> TO DO
Please output every line of the material as it stands, without the pictures.

- Opening Delimiter -

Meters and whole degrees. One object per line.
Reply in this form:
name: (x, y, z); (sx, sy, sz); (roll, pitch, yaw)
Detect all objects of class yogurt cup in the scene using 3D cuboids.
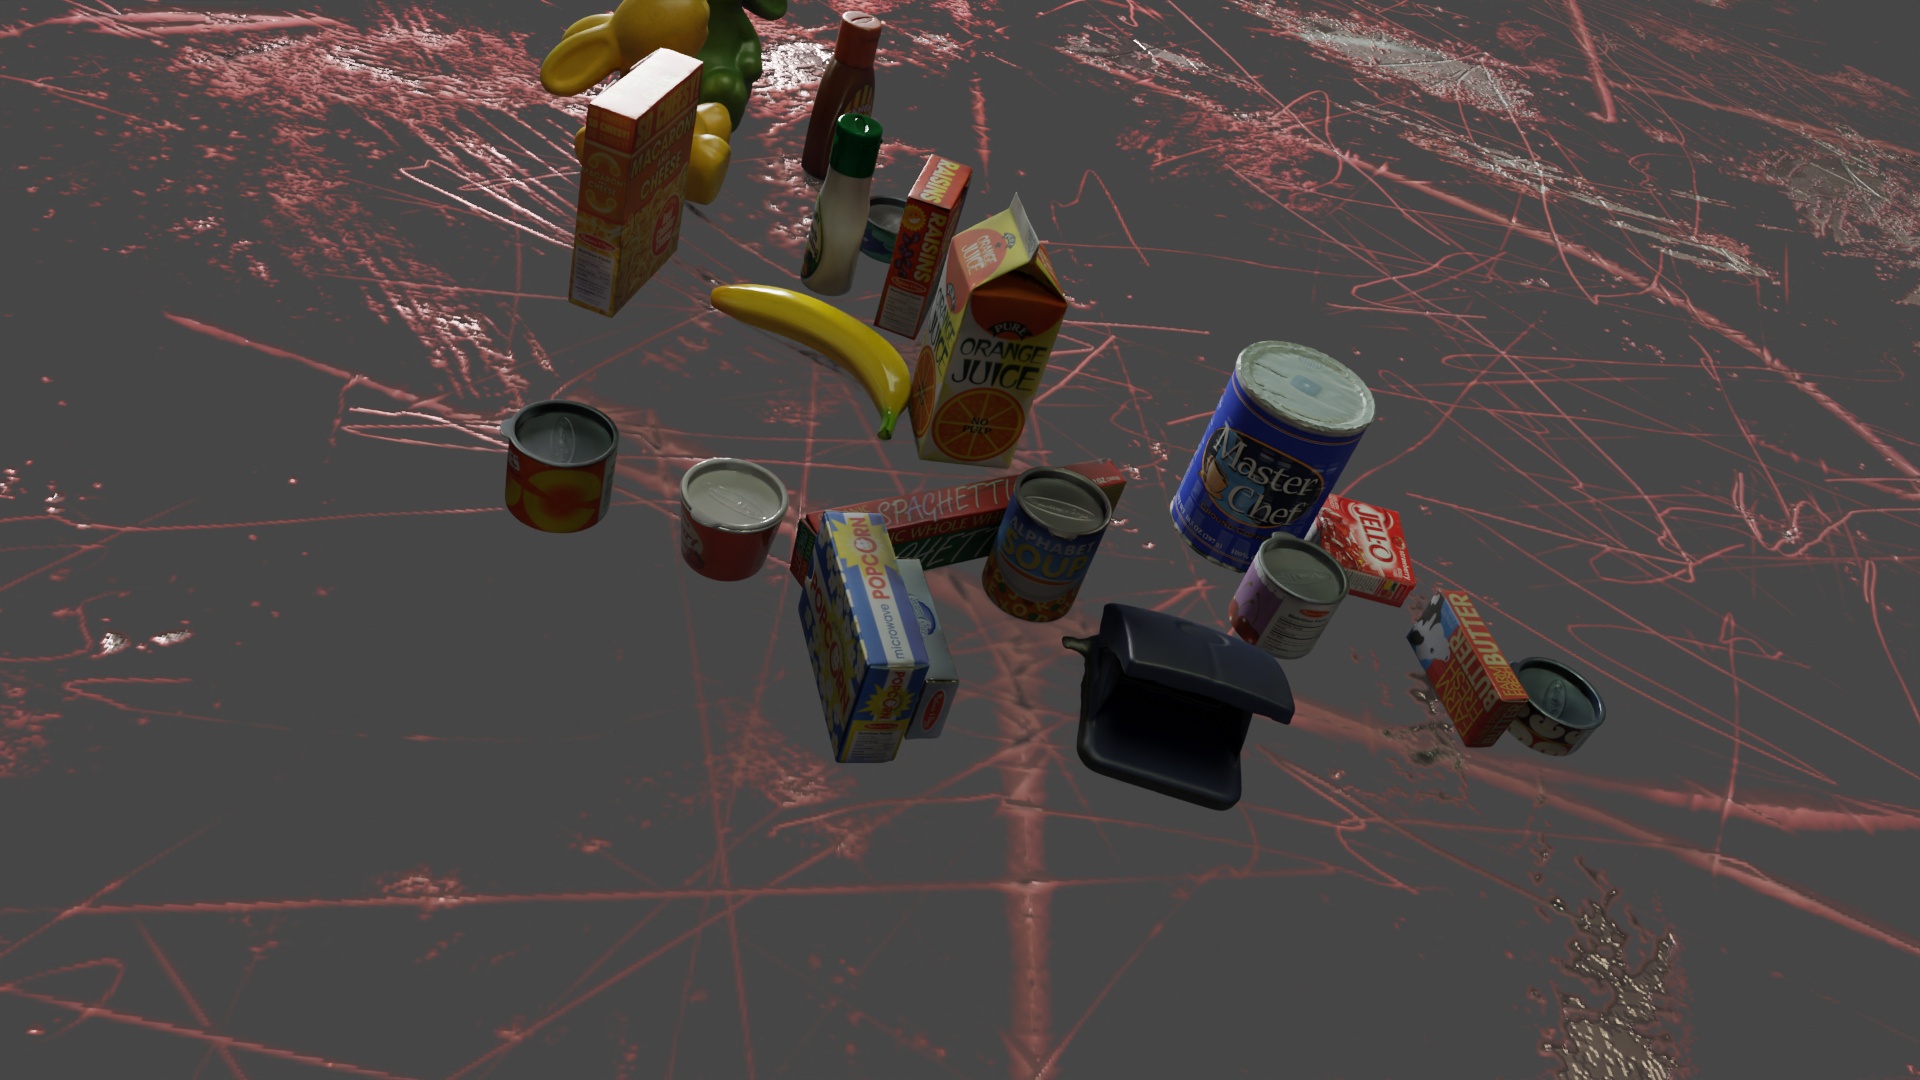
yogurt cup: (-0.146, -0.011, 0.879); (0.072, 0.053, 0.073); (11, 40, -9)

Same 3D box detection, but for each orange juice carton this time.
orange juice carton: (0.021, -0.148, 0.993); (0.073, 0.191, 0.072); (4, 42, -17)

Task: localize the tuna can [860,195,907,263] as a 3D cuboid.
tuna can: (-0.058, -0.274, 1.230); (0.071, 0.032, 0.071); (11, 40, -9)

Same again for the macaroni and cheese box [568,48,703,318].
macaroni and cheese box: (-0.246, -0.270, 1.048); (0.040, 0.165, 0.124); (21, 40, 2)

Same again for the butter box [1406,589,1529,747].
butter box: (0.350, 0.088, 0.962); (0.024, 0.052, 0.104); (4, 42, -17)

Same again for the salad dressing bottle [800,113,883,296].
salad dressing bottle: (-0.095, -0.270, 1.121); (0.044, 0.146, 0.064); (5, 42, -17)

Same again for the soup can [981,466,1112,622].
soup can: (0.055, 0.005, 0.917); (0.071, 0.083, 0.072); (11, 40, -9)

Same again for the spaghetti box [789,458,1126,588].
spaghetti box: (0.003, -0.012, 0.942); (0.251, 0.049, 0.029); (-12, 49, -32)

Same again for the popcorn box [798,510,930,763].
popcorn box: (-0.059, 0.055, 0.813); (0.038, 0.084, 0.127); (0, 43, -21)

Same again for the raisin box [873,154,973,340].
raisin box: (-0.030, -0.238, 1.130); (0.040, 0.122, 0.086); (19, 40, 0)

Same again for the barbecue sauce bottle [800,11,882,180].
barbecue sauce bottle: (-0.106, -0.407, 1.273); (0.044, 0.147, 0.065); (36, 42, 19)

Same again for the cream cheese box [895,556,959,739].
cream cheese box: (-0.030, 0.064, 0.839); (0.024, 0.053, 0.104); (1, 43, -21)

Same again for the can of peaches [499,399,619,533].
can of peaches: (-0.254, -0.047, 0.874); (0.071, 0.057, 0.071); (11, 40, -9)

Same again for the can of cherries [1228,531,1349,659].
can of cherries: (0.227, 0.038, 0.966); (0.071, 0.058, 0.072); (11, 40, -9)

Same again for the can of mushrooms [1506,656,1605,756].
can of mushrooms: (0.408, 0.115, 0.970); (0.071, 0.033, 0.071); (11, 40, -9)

- Closing Delimiter -

> REPLY
Meters and whole degrees. One object per line.
Reply in this form:
name: (x, y, z); (sx, sy, sz); (roll, pitch, yaw)
Detect all objects of class yogurt cup in the scene using 3D cuboids.
yogurt cup: (-0.146, -0.011, 0.879); (0.072, 0.053, 0.073); (11, 40, -9)

Same 3D box detection, but for each orange juice carton this time.
orange juice carton: (0.021, -0.148, 0.993); (0.073, 0.191, 0.072); (4, 42, -17)

Task: localize the tuna can [860,195,907,263] as a 3D cuboid.
tuna can: (-0.058, -0.274, 1.230); (0.071, 0.032, 0.071); (11, 40, -9)

Same again for the macaroni and cheese box [568,48,703,318].
macaroni and cheese box: (-0.246, -0.270, 1.048); (0.040, 0.165, 0.124); (21, 40, 2)

Same again for the butter box [1406,589,1529,747].
butter box: (0.350, 0.088, 0.962); (0.024, 0.052, 0.104); (4, 42, -17)

Same again for the salad dressing bottle [800,113,883,296].
salad dressing bottle: (-0.095, -0.270, 1.121); (0.044, 0.146, 0.064); (5, 42, -17)

Same again for the soup can [981,466,1112,622].
soup can: (0.055, 0.005, 0.917); (0.071, 0.083, 0.072); (11, 40, -9)

Same again for the spaghetti box [789,458,1126,588].
spaghetti box: (0.003, -0.012, 0.942); (0.251, 0.049, 0.029); (-12, 49, -32)

Same again for the popcorn box [798,510,930,763].
popcorn box: (-0.059, 0.055, 0.813); (0.038, 0.084, 0.127); (0, 43, -21)

Same again for the raisin box [873,154,973,340].
raisin box: (-0.030, -0.238, 1.130); (0.040, 0.122, 0.086); (19, 40, 0)

Same again for the barbecue sauce bottle [800,11,882,180].
barbecue sauce bottle: (-0.106, -0.407, 1.273); (0.044, 0.147, 0.065); (36, 42, 19)

Same again for the cream cheese box [895,556,959,739].
cream cheese box: (-0.030, 0.064, 0.839); (0.024, 0.053, 0.104); (1, 43, -21)

Same again for the can of peaches [499,399,619,533].
can of peaches: (-0.254, -0.047, 0.874); (0.071, 0.057, 0.071); (11, 40, -9)

Same again for the can of cherries [1228,531,1349,659].
can of cherries: (0.227, 0.038, 0.966); (0.071, 0.058, 0.072); (11, 40, -9)

Same again for the can of mushrooms [1506,656,1605,756].
can of mushrooms: (0.408, 0.115, 0.970); (0.071, 0.033, 0.071); (11, 40, -9)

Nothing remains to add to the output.